▶ Supplied material
====
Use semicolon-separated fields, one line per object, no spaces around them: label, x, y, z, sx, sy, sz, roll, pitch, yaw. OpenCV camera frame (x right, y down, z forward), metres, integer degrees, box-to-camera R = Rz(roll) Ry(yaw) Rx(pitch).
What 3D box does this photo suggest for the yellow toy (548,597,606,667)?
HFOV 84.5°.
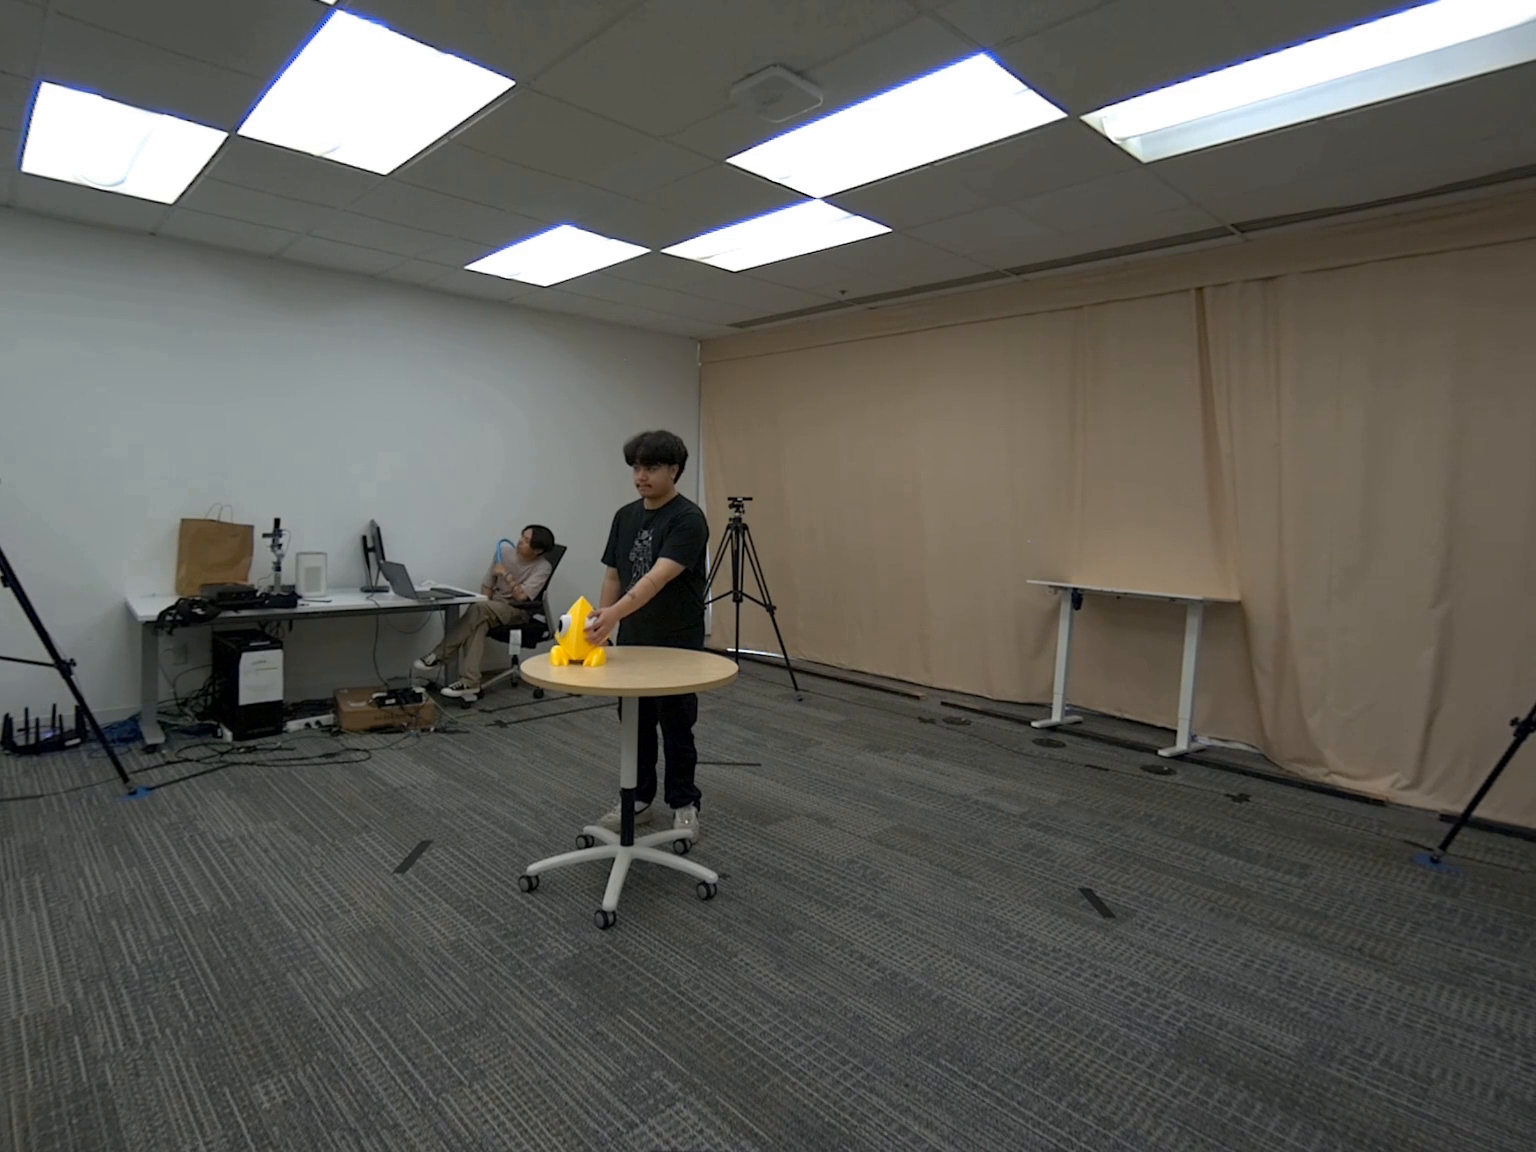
yellow toy;-0.696;0.193;3.026;0.204;0.230;0.194;4;4;-3
====
▶ What is expected
Print exactly the line containing "What 3D box" and every line after it through the final line above, and leave all pictures out.

▶ Response
What 3D box does this photo suggest for the yellow toy (548,597,606,667)?
HFOV 84.5°.
yellow toy;-0.696;0.193;3.026;0.204;0.230;0.194;4;4;-3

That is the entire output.